• [Work instruction]
Go over the data and keep only the lines that include "axis".

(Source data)

►

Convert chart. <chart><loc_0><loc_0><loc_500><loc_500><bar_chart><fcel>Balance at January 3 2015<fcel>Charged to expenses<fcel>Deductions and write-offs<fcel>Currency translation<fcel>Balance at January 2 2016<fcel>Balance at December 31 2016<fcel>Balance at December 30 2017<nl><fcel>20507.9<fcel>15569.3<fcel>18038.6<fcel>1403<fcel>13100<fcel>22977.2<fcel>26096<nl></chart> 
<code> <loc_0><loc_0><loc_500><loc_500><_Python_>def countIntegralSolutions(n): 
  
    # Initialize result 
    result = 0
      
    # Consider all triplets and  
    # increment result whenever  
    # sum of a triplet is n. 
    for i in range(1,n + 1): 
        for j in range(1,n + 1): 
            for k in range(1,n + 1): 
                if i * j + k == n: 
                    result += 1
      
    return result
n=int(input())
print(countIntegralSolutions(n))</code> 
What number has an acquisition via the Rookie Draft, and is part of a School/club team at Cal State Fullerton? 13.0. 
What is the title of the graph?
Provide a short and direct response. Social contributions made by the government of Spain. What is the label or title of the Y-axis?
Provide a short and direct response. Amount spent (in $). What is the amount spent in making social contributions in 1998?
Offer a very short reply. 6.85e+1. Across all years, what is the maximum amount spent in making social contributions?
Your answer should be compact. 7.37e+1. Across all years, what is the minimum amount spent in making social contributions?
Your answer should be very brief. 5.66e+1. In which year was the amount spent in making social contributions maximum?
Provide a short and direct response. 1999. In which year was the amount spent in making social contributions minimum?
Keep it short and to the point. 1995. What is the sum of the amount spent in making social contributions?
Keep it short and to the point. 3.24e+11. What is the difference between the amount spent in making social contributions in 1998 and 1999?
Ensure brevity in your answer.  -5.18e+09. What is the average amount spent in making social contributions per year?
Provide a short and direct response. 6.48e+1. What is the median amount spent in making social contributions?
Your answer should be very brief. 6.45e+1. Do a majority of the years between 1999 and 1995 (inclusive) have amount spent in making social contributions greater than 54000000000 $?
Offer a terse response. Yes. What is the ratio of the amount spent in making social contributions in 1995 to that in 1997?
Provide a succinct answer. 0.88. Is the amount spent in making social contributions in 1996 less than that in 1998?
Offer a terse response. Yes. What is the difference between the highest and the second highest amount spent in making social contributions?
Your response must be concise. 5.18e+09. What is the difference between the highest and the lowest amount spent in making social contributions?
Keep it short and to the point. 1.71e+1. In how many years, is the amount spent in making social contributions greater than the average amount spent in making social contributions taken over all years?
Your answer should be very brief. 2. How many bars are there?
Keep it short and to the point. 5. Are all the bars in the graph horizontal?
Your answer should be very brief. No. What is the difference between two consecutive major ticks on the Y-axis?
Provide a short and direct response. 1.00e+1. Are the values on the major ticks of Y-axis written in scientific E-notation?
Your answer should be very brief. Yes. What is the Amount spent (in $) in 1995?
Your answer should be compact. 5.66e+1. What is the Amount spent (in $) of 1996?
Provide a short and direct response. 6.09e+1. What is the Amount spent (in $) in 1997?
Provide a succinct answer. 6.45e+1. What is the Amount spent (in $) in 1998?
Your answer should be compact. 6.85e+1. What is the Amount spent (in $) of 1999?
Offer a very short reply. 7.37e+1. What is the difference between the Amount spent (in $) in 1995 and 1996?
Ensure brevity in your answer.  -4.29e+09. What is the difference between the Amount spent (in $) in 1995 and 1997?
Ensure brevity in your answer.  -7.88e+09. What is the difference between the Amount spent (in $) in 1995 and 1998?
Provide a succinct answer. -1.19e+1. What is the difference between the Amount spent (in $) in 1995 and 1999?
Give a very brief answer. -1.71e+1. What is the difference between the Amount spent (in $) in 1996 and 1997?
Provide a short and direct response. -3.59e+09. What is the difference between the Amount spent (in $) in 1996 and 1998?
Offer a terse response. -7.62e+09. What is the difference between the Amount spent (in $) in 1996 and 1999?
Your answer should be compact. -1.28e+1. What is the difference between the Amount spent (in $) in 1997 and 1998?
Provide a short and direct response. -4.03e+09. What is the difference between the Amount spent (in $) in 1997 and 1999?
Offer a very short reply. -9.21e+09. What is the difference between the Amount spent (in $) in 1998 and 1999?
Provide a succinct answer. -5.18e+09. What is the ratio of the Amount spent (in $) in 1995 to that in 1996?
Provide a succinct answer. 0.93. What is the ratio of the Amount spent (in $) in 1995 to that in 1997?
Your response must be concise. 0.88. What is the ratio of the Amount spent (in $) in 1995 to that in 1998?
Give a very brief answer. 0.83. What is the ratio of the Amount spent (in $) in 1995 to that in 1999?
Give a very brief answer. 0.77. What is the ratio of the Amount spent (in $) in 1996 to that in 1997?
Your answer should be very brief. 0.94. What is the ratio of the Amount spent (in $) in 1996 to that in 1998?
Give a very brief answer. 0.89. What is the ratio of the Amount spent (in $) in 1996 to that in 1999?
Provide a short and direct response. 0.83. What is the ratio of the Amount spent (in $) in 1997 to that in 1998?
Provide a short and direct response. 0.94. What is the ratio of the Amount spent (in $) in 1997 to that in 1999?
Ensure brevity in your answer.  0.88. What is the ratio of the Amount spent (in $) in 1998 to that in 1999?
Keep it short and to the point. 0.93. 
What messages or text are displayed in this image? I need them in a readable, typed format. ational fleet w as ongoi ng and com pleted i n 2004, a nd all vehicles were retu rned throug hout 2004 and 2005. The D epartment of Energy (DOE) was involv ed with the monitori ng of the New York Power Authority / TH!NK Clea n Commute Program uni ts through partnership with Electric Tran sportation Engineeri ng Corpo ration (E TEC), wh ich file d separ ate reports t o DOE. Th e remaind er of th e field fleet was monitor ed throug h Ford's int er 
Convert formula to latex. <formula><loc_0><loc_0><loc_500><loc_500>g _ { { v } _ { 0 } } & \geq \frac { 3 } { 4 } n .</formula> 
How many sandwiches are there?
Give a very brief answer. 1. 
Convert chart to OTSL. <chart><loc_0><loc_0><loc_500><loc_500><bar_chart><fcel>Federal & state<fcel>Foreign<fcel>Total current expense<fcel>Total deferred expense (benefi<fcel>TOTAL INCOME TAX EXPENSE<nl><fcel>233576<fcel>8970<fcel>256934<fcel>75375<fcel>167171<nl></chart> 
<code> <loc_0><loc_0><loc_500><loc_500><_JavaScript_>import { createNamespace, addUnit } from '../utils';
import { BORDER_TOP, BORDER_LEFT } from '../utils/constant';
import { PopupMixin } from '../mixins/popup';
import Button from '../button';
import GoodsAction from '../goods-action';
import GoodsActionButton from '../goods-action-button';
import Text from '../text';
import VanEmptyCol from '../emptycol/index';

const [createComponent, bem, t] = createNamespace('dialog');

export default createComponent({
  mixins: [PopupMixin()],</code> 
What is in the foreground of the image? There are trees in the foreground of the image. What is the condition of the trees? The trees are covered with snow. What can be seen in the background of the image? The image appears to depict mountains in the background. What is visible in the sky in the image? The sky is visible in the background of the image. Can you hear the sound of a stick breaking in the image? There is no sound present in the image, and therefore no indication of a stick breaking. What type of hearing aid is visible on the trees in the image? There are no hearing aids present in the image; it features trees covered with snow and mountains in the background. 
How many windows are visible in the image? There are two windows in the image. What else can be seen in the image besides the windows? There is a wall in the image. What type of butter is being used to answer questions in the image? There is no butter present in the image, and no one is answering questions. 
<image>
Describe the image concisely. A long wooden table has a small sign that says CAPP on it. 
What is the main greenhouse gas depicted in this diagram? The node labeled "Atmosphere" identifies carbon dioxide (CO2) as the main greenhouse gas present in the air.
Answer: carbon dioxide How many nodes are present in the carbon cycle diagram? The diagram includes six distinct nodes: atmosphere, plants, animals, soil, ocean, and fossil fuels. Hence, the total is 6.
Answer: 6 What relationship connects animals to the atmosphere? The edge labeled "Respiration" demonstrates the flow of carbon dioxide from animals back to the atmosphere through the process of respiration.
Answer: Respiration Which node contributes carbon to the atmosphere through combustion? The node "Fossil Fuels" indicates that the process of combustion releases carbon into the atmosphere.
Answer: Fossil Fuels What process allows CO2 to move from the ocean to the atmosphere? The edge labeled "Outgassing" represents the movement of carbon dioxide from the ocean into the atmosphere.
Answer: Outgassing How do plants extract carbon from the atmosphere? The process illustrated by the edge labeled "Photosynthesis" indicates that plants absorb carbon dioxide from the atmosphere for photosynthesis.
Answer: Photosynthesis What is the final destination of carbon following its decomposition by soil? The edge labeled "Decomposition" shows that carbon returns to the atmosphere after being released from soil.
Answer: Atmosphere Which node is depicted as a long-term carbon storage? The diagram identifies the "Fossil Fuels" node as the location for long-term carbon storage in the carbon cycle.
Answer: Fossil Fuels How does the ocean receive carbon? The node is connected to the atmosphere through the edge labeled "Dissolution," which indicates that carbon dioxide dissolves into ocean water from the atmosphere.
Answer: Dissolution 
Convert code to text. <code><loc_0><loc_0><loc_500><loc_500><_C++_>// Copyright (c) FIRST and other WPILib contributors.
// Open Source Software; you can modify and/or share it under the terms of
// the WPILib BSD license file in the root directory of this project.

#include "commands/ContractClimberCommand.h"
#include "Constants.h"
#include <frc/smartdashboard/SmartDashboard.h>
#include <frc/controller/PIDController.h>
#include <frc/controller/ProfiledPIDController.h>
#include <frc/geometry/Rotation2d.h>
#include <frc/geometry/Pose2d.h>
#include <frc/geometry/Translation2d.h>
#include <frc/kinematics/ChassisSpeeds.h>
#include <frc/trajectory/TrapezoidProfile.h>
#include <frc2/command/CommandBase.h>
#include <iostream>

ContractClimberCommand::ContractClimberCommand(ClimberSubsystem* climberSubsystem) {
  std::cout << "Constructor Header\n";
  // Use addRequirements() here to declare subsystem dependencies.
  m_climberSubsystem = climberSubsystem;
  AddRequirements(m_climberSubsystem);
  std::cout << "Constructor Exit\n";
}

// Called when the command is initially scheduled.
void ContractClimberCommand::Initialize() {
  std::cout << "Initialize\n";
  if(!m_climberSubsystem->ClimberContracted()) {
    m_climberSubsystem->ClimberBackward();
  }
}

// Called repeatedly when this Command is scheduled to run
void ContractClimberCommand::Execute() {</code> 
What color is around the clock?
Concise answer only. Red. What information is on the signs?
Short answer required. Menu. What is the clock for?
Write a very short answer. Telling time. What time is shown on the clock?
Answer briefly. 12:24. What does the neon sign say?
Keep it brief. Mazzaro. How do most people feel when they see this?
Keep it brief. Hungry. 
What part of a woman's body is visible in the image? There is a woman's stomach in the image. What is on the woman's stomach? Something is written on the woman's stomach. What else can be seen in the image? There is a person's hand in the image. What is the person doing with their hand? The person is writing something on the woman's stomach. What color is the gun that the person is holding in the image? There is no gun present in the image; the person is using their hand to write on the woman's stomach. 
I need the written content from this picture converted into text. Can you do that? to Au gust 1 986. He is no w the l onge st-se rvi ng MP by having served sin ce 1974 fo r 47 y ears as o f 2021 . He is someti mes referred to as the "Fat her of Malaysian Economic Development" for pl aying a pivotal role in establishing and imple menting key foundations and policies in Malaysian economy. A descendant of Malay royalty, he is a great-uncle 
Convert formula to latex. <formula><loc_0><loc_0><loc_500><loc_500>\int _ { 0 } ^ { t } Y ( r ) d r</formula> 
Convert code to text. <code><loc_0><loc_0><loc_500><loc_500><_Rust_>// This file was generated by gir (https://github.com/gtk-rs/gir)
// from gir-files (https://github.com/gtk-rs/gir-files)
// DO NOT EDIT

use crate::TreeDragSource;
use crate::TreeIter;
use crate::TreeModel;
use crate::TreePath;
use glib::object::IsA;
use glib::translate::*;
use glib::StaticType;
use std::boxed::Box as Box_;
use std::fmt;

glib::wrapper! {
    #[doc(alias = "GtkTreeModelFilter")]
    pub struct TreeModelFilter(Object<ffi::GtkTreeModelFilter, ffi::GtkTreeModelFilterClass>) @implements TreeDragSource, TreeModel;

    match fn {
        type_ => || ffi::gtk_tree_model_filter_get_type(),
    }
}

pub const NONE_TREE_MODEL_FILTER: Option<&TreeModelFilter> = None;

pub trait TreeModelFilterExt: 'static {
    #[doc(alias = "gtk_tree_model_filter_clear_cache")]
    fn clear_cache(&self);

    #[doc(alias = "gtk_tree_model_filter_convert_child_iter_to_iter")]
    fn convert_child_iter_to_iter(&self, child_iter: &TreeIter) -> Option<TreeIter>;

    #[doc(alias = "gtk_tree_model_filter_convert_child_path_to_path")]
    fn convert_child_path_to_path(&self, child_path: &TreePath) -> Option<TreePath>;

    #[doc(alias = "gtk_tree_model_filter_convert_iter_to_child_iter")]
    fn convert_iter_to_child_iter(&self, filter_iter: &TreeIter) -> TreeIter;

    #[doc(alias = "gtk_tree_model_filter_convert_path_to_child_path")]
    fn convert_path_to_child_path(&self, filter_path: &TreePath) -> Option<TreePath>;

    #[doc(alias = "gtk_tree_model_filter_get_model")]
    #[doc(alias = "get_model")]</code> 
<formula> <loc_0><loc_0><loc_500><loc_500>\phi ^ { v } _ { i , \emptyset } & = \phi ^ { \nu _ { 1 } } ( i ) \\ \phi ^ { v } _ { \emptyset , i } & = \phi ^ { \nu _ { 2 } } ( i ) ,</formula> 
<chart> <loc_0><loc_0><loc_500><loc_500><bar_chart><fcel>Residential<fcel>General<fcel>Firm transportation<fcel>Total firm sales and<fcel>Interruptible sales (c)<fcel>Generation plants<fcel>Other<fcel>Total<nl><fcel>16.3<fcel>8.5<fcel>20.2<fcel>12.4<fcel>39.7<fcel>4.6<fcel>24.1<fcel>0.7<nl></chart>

◄

• [Your response]
Provide a short and direct response. Social contributions made by the government of Spain. What is the label or title of the Y-axis?
Your answer should be very brief. No. What is the difference between two consecutive major ticks on the Y-axis?
Provide a short and direct response. 1.00e+1. Are the values on the major ticks of Y-axis written in scientific E-notation?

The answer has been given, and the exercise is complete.